The report branded him one of Britain’s worst “predatory sex offenders,” but the document raises huge questions about why he was never caught by police in his lifetime.

Director of Public Prosecutions Keir Starmer said: “I would like to take the opportunity to apologize for the shortcomings in the part played by the CPS in these cases.

“If this report and my apology are to serve their full purpose, then this must be seen as a watershed moment.”

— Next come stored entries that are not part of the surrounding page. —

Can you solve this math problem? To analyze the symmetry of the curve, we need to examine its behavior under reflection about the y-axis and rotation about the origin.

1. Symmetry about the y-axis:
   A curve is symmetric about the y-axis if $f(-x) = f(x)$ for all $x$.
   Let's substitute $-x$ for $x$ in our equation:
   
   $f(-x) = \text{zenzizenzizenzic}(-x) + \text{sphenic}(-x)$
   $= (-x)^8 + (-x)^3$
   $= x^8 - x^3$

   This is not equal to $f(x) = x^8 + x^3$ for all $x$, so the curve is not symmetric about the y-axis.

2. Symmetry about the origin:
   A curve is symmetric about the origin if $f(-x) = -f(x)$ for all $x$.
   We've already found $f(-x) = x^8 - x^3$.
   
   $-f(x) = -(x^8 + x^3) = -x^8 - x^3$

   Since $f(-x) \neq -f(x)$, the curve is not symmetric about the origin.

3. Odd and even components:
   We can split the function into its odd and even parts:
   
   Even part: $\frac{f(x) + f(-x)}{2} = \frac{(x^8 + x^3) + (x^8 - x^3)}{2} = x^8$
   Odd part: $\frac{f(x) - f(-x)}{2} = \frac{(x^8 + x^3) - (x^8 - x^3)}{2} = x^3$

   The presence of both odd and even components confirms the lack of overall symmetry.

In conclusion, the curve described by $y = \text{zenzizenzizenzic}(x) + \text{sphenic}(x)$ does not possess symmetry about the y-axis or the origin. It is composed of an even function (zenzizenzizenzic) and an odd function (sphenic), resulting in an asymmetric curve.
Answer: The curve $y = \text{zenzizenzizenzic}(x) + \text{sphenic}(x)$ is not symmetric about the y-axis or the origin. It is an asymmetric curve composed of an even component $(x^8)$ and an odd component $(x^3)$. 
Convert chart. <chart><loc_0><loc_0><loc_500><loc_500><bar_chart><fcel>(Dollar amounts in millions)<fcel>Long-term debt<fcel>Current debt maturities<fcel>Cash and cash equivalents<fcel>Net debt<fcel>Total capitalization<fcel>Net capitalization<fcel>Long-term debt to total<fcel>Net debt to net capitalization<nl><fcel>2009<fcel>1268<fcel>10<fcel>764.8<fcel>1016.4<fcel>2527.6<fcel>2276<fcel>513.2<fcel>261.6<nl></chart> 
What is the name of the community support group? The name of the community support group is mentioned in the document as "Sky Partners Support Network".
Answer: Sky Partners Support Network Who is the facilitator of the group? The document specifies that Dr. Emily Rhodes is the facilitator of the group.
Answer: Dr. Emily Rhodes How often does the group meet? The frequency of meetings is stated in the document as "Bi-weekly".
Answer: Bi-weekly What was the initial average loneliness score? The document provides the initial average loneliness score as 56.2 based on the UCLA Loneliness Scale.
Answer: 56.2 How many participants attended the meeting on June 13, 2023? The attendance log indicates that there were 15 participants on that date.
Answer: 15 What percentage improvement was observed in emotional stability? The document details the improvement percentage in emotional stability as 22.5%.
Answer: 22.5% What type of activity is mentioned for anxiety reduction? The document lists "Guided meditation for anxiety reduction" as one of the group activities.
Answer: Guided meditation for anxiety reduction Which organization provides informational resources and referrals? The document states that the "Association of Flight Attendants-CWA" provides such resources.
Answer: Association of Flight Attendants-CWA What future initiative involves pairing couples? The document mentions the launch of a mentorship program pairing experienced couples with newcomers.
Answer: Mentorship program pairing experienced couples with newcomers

The BBC said it was “appalled” that some of the offences “were committed on its premises,” adding that it “would like to restate our sincere apology to the victims of these crimes.”

Peter Watt, NSPCC Director of Child Protection Advice and Awareness, who co-authored the report with Gray, said that the scale of Savile’s abuse “simply beggared belief.”

“Savile was without doubt one of the most prolific sex offenders we have ever come across,” he said.

Police finally got onto Savile’s trail of abuse when Surrey Police received an allegation in May 2007 that he had sexually assaulted a teenage girl at Duncroft Children’s Home in the late 1970s. That investigation led to other allegations and a national clearinghouse for tips began to explode with new accusations.